All day, all I could think of was all of those people who work outside everyday…wow, you were all heros today!
There aren’t many days that I really don’t feel like turning the stove on but today was definitely one of those days.  I spent all afternoon in a cooking school testing recipes for an upcoming farm event and it was crazy hot.  Knowing that I was going to be walking into the house as everyone else was about to head out to soccer and various other places, I tried something new this morning – I broke out the crock pot.

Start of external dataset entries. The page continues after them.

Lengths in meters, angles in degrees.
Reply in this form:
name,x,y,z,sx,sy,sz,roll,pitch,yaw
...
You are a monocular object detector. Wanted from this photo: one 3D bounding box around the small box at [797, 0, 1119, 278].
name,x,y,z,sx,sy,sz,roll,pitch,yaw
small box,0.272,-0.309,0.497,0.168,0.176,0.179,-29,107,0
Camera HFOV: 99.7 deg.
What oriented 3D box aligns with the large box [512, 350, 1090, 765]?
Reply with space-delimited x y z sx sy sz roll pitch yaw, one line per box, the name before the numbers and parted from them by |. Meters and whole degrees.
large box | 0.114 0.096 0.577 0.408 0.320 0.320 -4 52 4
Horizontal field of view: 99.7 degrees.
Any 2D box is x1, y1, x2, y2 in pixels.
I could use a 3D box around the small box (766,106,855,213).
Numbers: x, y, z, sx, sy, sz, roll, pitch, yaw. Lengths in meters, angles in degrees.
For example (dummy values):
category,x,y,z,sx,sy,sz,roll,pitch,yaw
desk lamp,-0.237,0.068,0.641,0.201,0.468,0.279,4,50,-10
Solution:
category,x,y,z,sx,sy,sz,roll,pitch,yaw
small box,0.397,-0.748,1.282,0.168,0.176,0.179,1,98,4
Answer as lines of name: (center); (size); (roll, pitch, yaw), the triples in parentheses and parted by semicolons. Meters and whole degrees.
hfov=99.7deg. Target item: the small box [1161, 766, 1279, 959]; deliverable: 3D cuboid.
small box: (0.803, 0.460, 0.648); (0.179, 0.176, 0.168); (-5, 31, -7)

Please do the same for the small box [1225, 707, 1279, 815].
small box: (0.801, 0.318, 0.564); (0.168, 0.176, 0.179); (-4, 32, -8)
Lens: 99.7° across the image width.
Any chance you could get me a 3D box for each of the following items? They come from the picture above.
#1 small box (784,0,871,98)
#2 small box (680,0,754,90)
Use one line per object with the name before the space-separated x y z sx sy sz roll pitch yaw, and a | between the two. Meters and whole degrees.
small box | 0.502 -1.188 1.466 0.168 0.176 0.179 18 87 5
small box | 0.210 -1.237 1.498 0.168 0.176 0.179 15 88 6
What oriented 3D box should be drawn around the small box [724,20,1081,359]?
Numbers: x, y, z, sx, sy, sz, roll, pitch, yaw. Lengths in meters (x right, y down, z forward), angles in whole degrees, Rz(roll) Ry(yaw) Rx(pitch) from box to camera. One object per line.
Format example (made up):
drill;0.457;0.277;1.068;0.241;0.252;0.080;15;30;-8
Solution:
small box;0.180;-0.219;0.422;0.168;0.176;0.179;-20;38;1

Don’t get me wrong…I use the crock for for stews, soups and even things like jam and applesauce.  But, it only ever comes out in the fall/winter because all of those foods don’t strike me as summer grub. But, the other day, I thought about trying to cook dried beans overnight so they would be ready for the next day (we eat lots of beans!).  Then, this morning when I was making coffee, I thought I could just throw some beans and stuff in the crock pot for it to cook while I went to work.  When I came back, the lentils were ready, I quickly grilled chicken breasts on the bbq and plated it up with some crumbled goat cheese and leftover crumbled bacon from breakfast.  I served it with simple beans from the garden…quick, fast and I didn’t raise the temperature in the kitchen even a tiny bit!Ingredients (for lentil stew):
1 tbsp olive oil
2 onions, diced
3 stalks of celery, diced
4 carrots, diced
4 rashers of bacon, cooked and crumbled (optional…omit if you want vegetarian but maybe add a few drops of liquid smoke…adds a nice depth)
1 zucchini, diced
3-4 cloves garlic, minced
1/3 c balsamic vinegar
2 tbsp tomato paste
2 1/2 c lentils
4 1/2 cups water, chicken stock or tomato juice (I used a combination of tomato puree that I had left over from making pizza mixed with tomato juice)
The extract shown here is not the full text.